Manufacturer: Bell (United States)
Type: Experimental rocket plane
First flight: 19 January 1946

The instrument panel of the Bell Aircraft Corporation X-1B was quite conventional in appearance and fairly typical of 1950s vintage research aircraft. Primary flight instrumentation was centrally mounted, with propulsion system and test equipment switches and instruments scattered throughout available space. Foot pedals and a center stick with no side controls were all part of the package in the cockpit. NACA High-Speed Flight Station technicians maintained the instrumentation in the aircraft. The Bell X-1B was a second-generation X-1 used by the U.S. Air Force for pilot familiarization before being turned over to NACA in December 1954. The X-1B had a modified fuselage with greater capacity for fuel tanks, an improved cockpit, and a turbopump fuel system as compared with the X-1. The NACA used the X-1B primarily for aerodynamic heating and reaction-control research from 1956 to 1958. The aircraft was fitted with special instrumentation for exploratory aerodynamic heating tests.

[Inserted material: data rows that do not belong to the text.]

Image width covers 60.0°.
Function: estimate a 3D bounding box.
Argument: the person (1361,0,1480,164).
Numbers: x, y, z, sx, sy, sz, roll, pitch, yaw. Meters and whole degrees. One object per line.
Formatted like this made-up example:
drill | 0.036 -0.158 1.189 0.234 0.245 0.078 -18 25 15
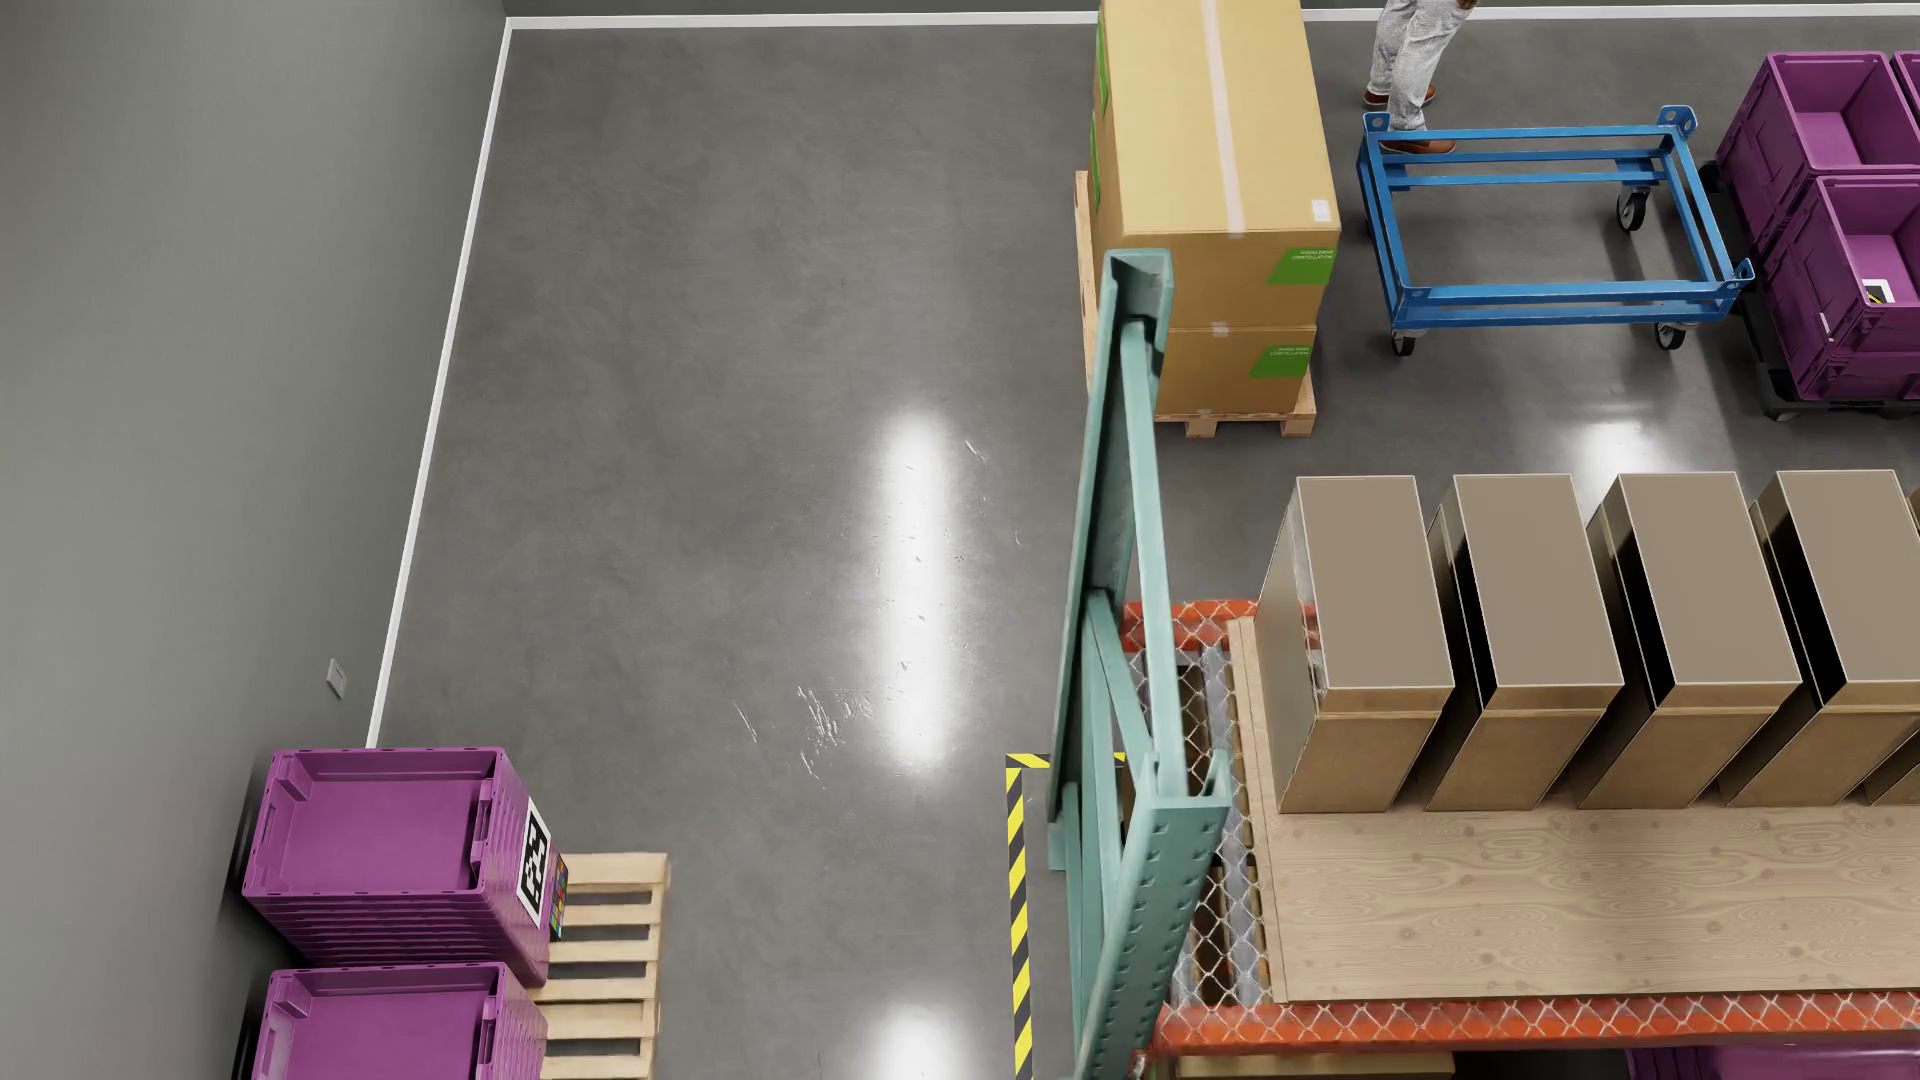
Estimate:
person | 1.820 -2.241 6.077 0.373 1.940 0.629 -3 58 -2
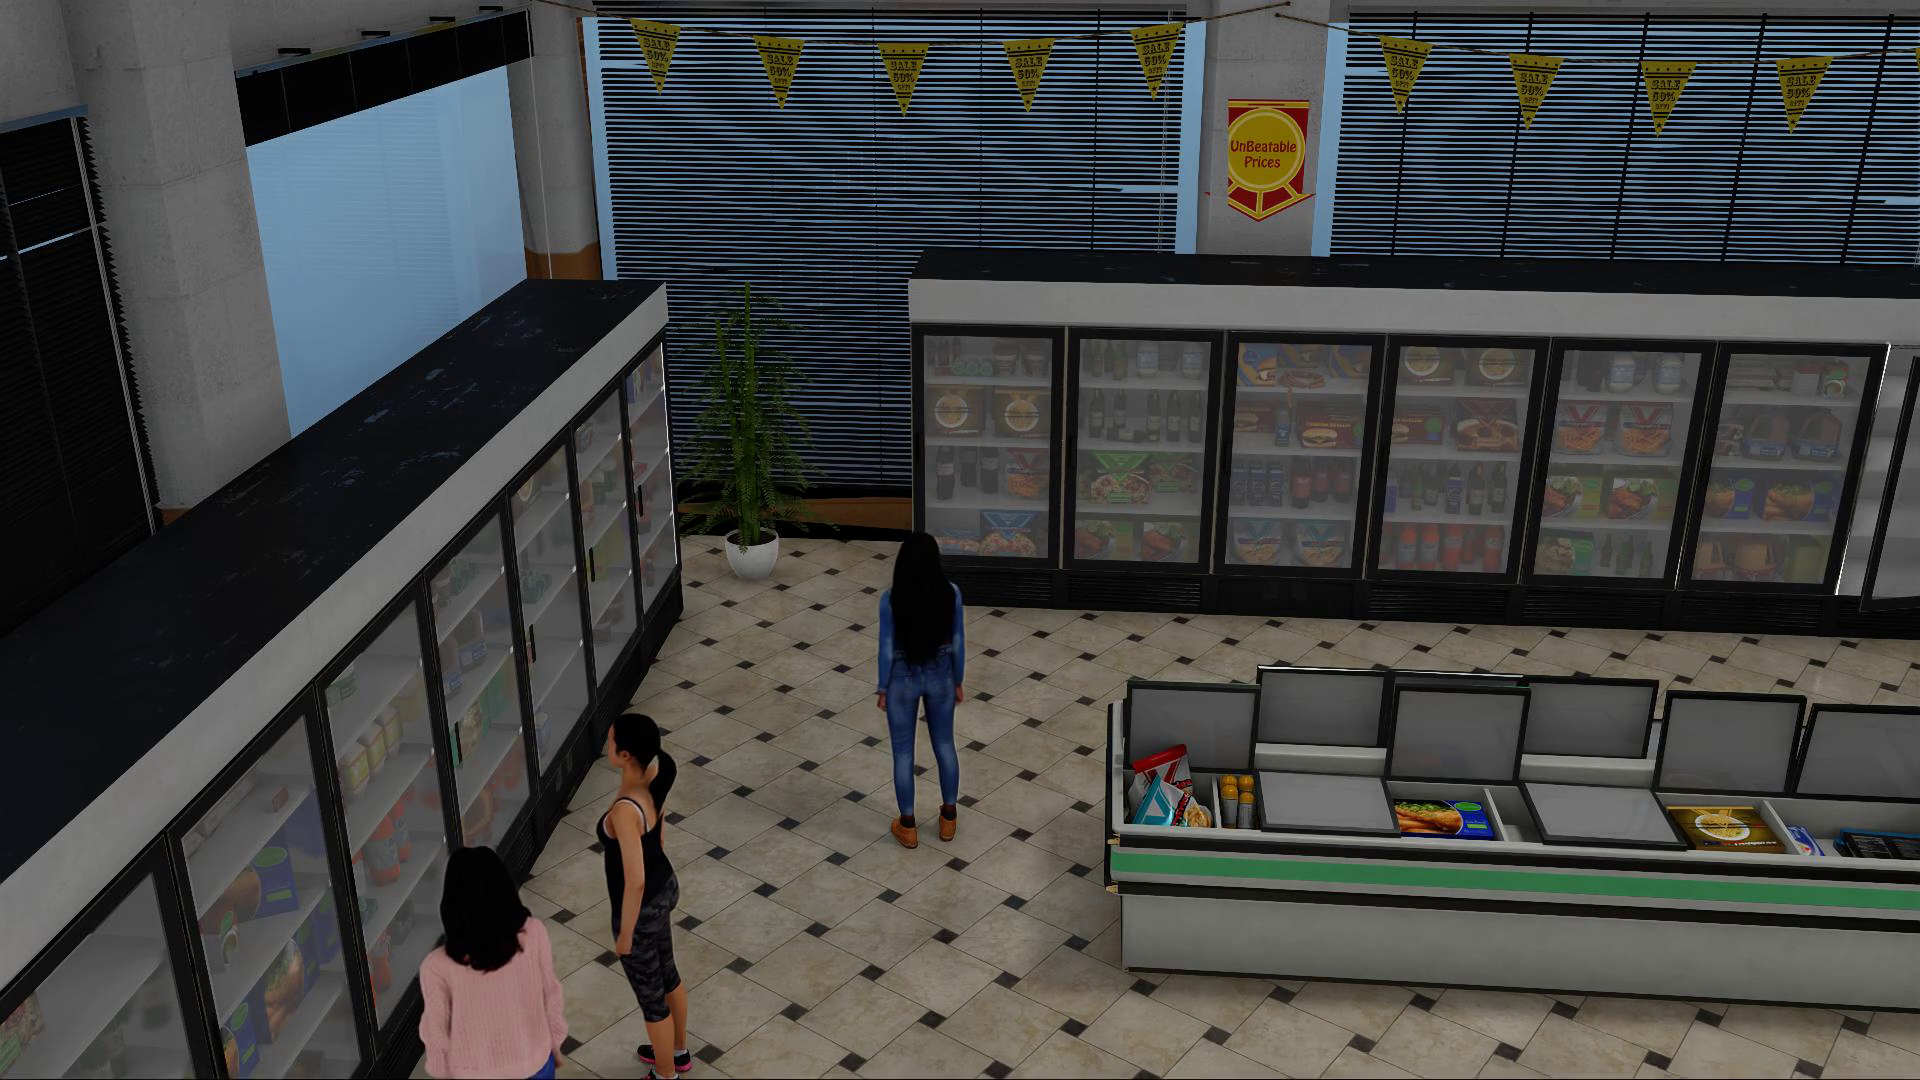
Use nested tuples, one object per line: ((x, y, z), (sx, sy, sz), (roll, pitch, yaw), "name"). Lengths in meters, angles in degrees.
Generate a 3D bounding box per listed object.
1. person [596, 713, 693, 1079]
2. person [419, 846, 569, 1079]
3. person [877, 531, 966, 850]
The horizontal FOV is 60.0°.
((-1.257, 1.474, 6.695), (0.550, 1.729, 0.584), (4, 22, 9), "person")
((-1.580, 1.837, 5.737), (0.674, 1.770, 0.788), (-11, 24, -25), "person")
((-0.199, 0.762, 8.492), (0.586, 1.712, 0.737), (-6, 23, -14), "person")

It had over 300 thermocouples installed on it. The X-1B was the first aircraft to fly with a reaction-control system; a prototype of the reaction-control system used on the X-15 and other piloted test aircraft. The X-1B was given to the Air Force Museum at Wright-Patterson Air Force Base Dayton, Ohio, on January 27, 1959, for preservation and display. This aircraft completed a total of 27 glide and powered flights by eight U.S. Air Force and two NACA test pilots. Second-generation X-1 aircraft were 35.8 feet long and had a wingspan of approximately 28 feet.